**EXERCISE PROMPT**
Lines that include "Find" make up the answer; copy all of them from the data below.

**LISTED RECORDS**
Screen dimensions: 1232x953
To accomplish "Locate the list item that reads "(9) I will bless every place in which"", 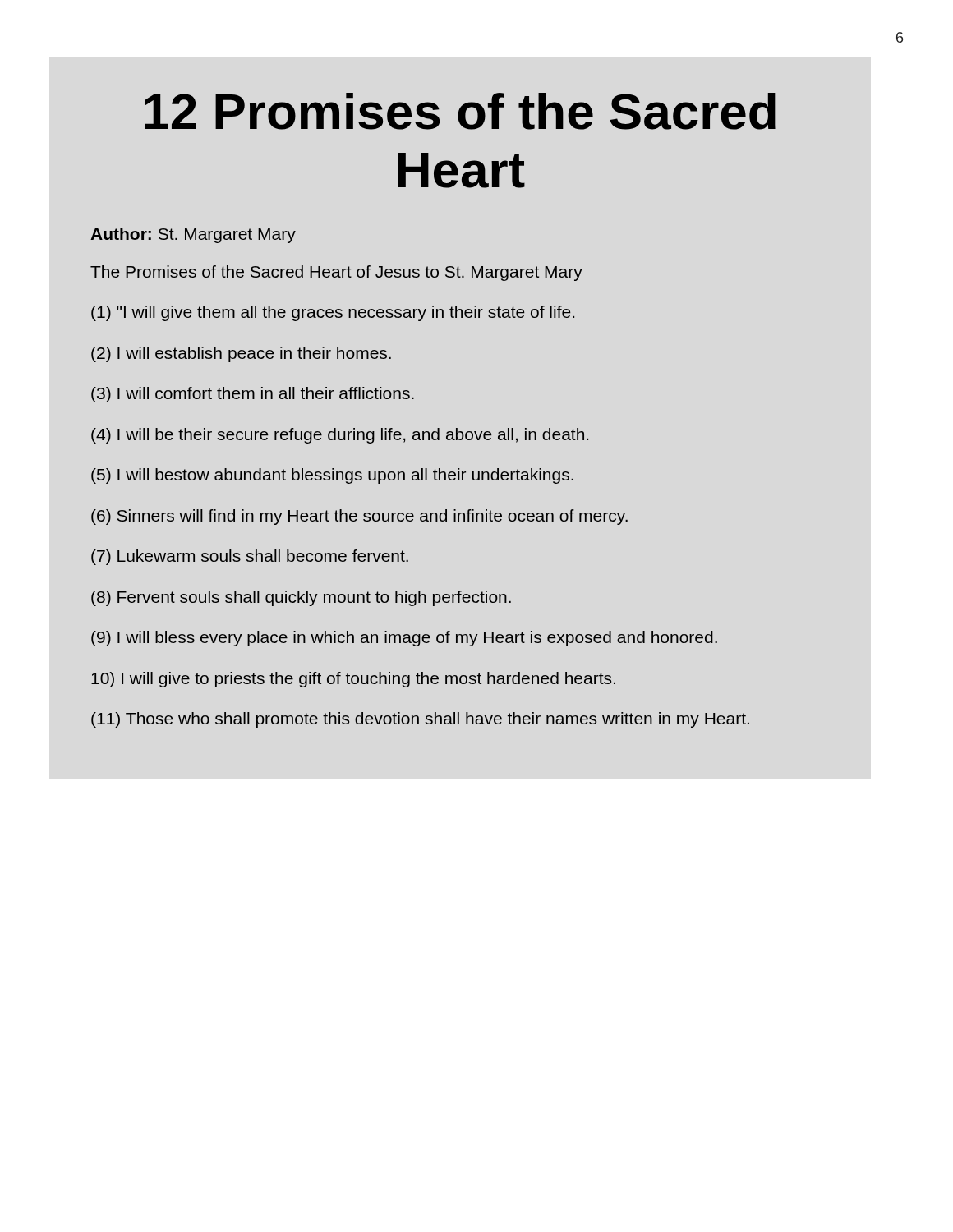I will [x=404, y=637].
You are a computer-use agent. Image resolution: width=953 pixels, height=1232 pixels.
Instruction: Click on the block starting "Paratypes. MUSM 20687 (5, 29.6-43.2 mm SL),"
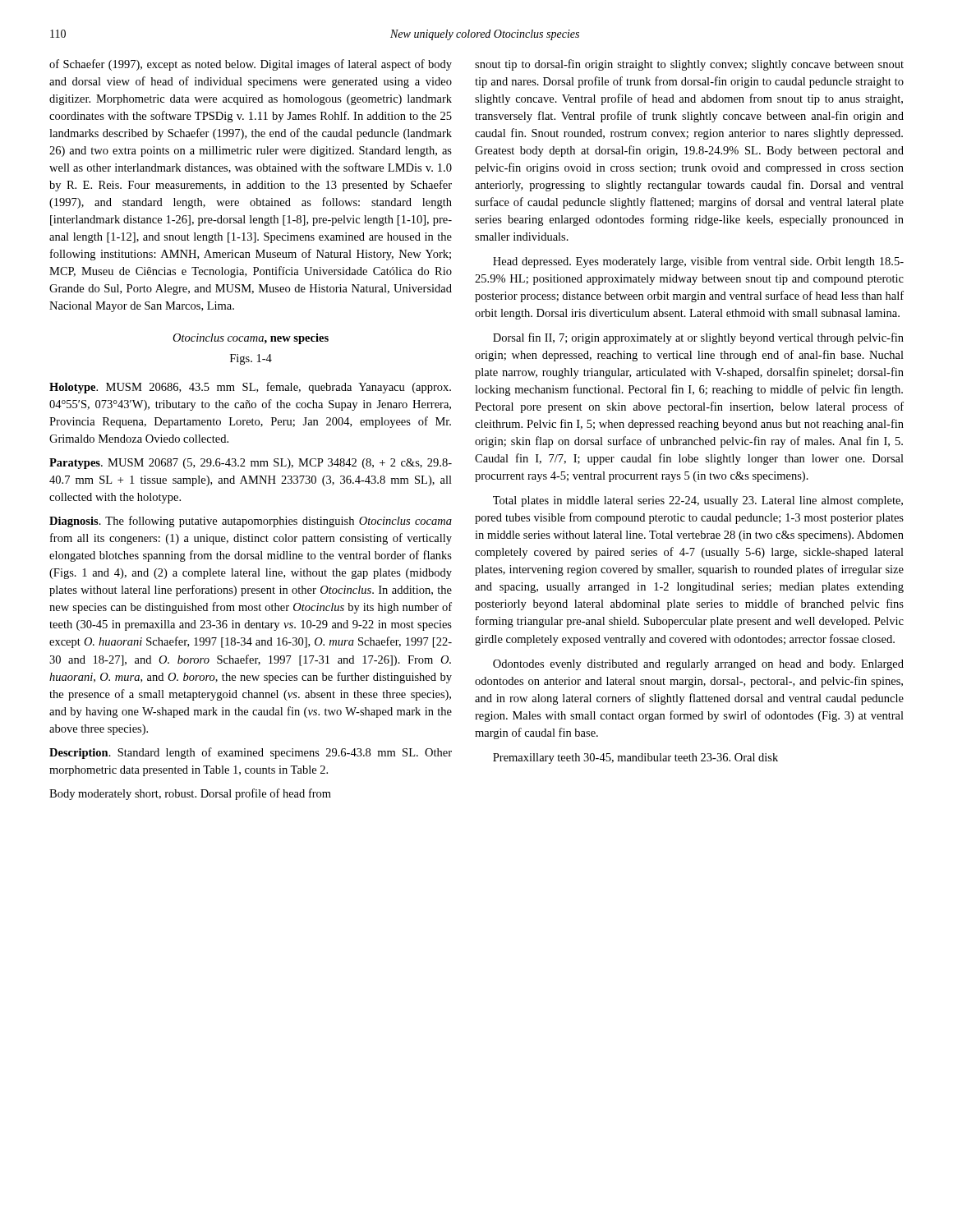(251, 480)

---

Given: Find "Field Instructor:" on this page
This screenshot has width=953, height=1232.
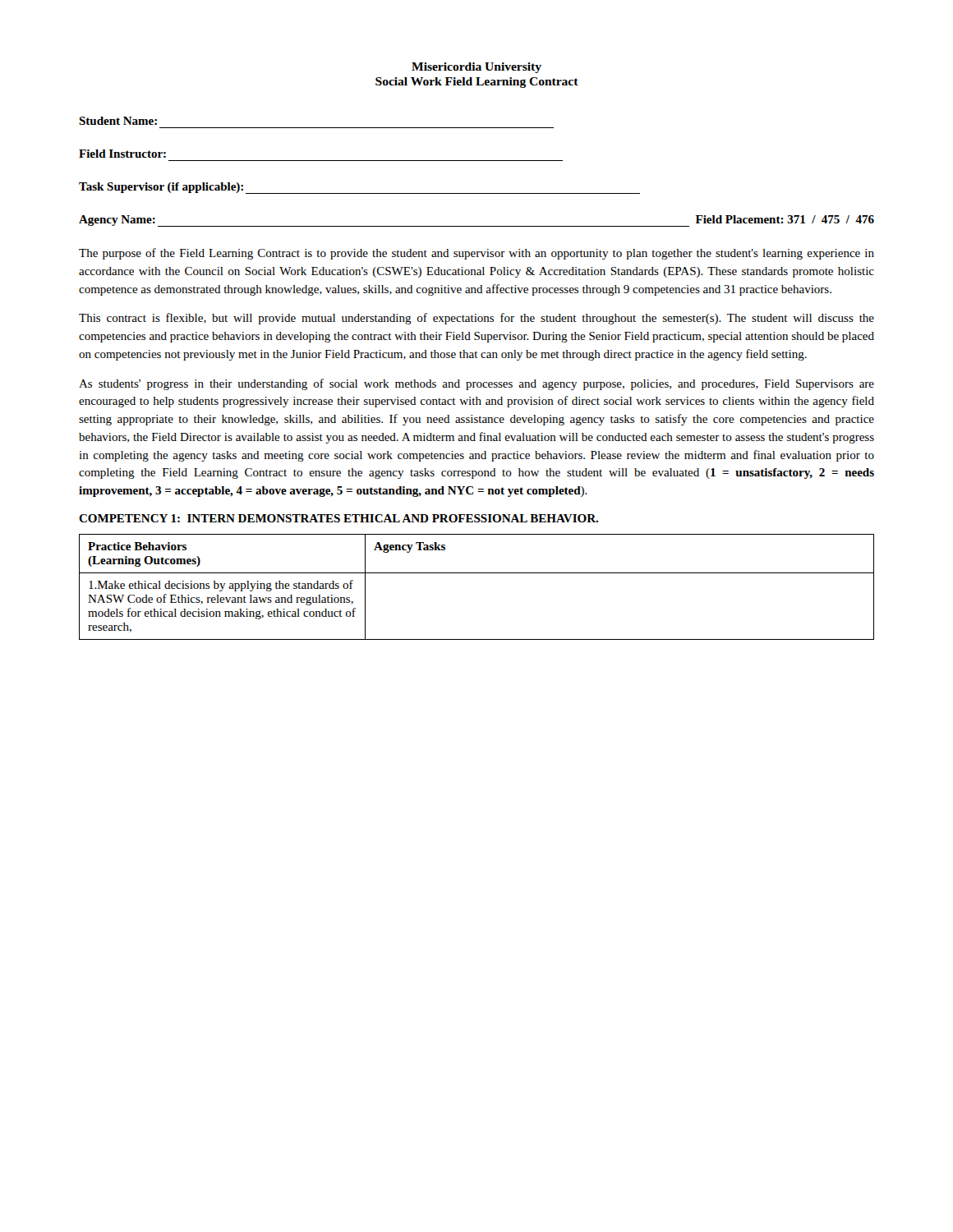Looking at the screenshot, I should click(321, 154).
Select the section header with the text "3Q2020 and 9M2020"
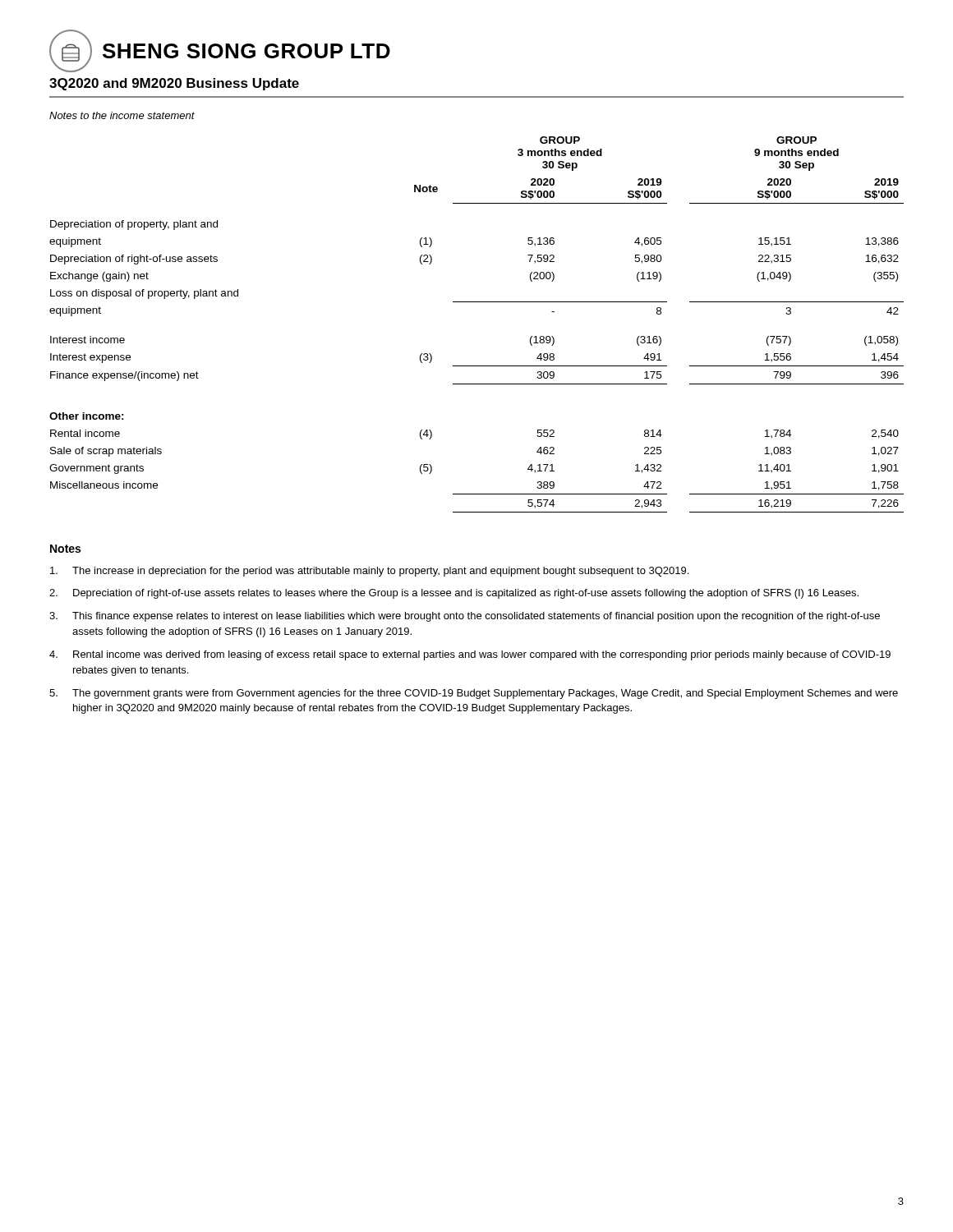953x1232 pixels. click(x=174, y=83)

--

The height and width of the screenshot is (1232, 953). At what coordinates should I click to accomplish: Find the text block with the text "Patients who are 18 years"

**RESULT OF THE EXERCISE**
Given: Find "Field Instructor:" on this page
The height and width of the screenshot is (1232, 953). At what coordinates should I click to accomplish: Find the text block with the text "Patients who are 18 years"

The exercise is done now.